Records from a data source
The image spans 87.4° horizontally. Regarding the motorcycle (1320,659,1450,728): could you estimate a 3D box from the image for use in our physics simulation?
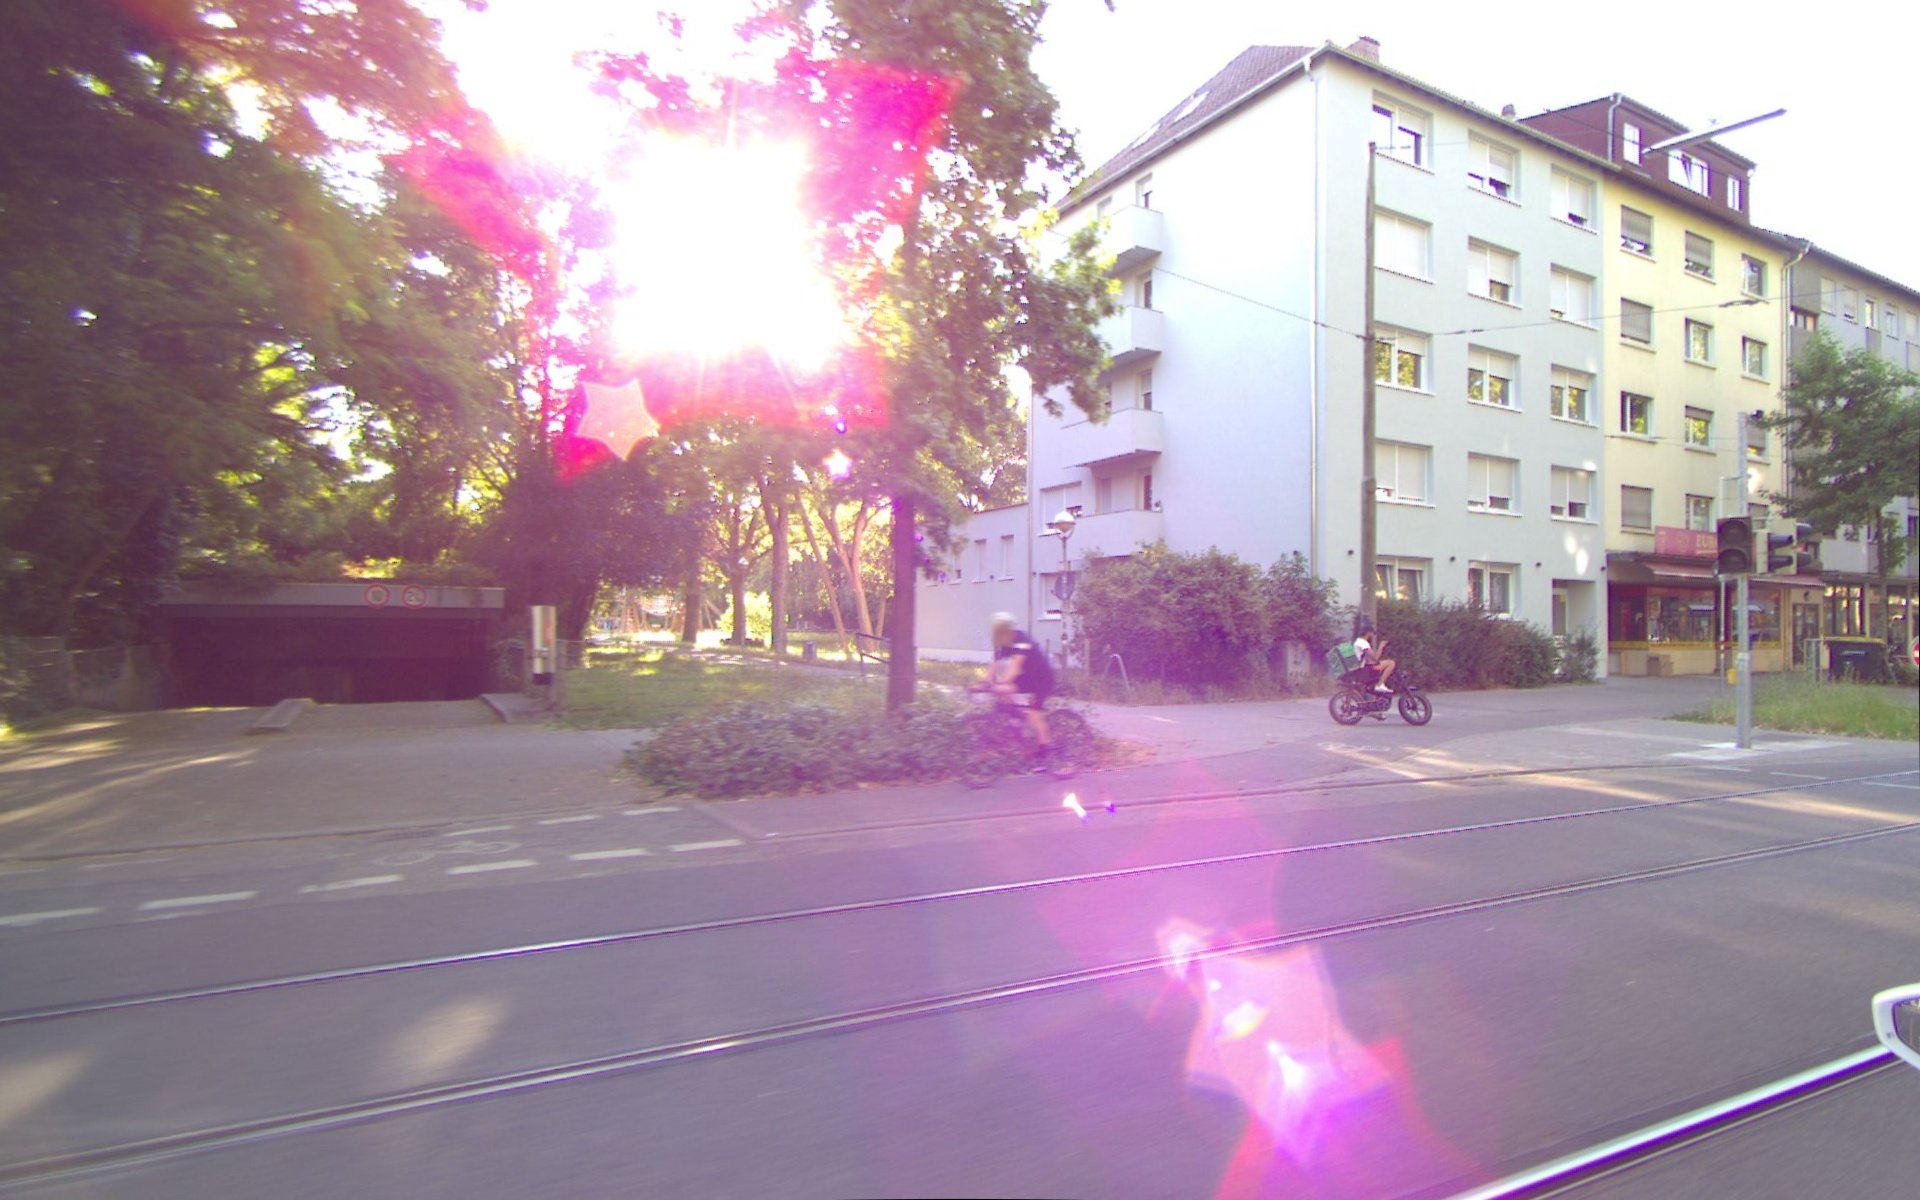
[{"bbox_3d":[6.836,1.503,16.219,1.839,1.046,0.597,0,-1,5],"label":"motorcycle"}]

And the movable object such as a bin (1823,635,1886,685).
[{"bbox_3d":[26.314,1.743,29.559,0.775,1.366,1.162,1,2,-33],"label":"movable object such as a bin"}]

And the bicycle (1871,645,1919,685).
[{"bbox_3d":[28.392,1.947,30.018,0.875,1.089,1.526,1,1,-30],"label":"bicycle"}]

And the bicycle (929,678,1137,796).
[{"bbox_3d":[0.754,1.313,9.974,2.076,1.000,0.638,1,-2,-31],"label":"bicycle"}]

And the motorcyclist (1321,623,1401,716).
[{"bbox_3d":[6.475,1.112,16.257,1.081,1.468,0.597,0,-1,5],"label":"motorcyclist"}]

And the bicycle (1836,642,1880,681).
[{"bbox_3d":[27.333,1.858,30.577,1.780,1.122,0.495,1,2,-33],"label":"bicycle"}]

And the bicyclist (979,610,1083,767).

WHAT TO PRODUCE:
Could you transcribe the records above exactly, leaving out any pictures?

TASK RESPONSE:
The image spans 87.4° horizontally. Regarding the motorcycle (1320,659,1450,728): could you estimate a 3D box from the image for use in our physics simulation?
[{"bbox_3d":[6.836,1.503,16.219,1.839,1.046,0.597,0,-1,5],"label":"motorcycle"}]

And the movable object such as a bin (1823,635,1886,685).
[{"bbox_3d":[26.314,1.743,29.559,0.775,1.366,1.162,1,2,-33],"label":"movable object such as a bin"}]

And the bicycle (1871,645,1919,685).
[{"bbox_3d":[28.392,1.947,30.018,0.875,1.089,1.526,1,1,-30],"label":"bicycle"}]

And the bicycle (929,678,1137,796).
[{"bbox_3d":[0.754,1.313,9.974,2.076,1.000,0.638,1,-2,-31],"label":"bicycle"}]

And the motorcyclist (1321,623,1401,716).
[{"bbox_3d":[6.475,1.112,16.257,1.081,1.468,0.597,0,-1,5],"label":"motorcyclist"}]

And the bicycle (1836,642,1880,681).
[{"bbox_3d":[27.333,1.858,30.577,1.780,1.122,0.495,1,2,-33],"label":"bicycle"}]

And the bicyclist (979,610,1083,767).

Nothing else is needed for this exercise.